The Texas Workforce Commission asked the federal government for a loan to cover the depletion of the unemployment insurance trust fund.

AUSTIN, Texas — The Tax Foundation, a national tax policy group, put out a list of states running low on unemployment insurance money. It shows Texas has six weeks left.

But, don’t panic. Unemployment payments will continue for those out of work.

In March, Gov. Greg Abbott issued an executive order to address the money needed for the unemployment insurance trust fund. 

The order allowed the Texas Workforce Commission (TWC) to apply for Title XII money, a loan to cover unemployment insurance.

The U.S. Department of Labor (DOL) lists states which qualify for interest-free loans.

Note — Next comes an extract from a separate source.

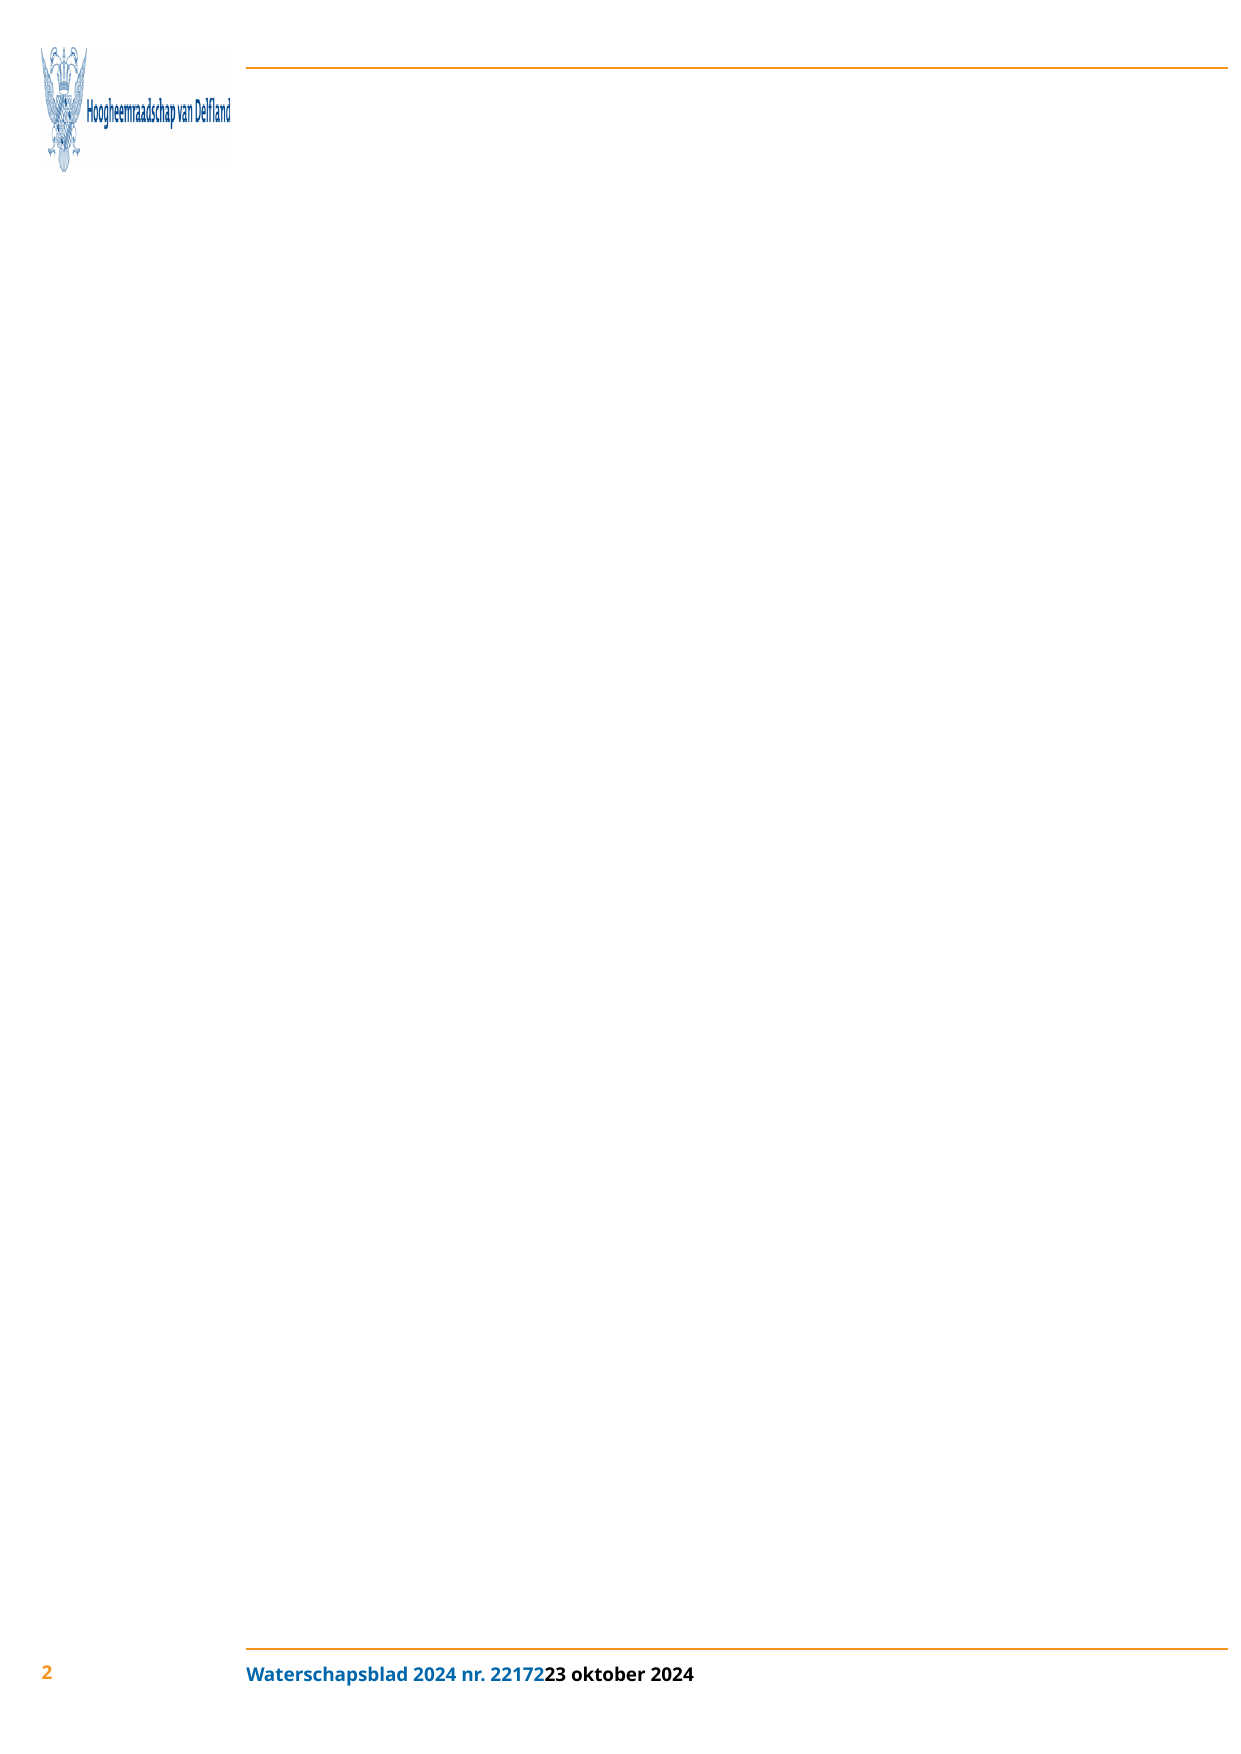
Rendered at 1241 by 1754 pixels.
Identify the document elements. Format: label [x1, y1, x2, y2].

picture [41, 47, 231, 172]

Texas does not have a high enough solvency rate to qualify. 

A February DOL report showed Texas' three-year unemployment benefit costs the State more than it collects in unemployment tax.

"The tax is actually assessed on the workers, technically, but the employer collects it. They collect it from wages and send the money to the government to fund the [unemployment] program,” said Dr. Raymond Robertson, director of the Mosbacher Institute for Trade, Economics and Public Policy, a professor and the Helen and Roy Ryu Chair in Economics and Government at the Bush School of Government and Public Service at Texas A&M University.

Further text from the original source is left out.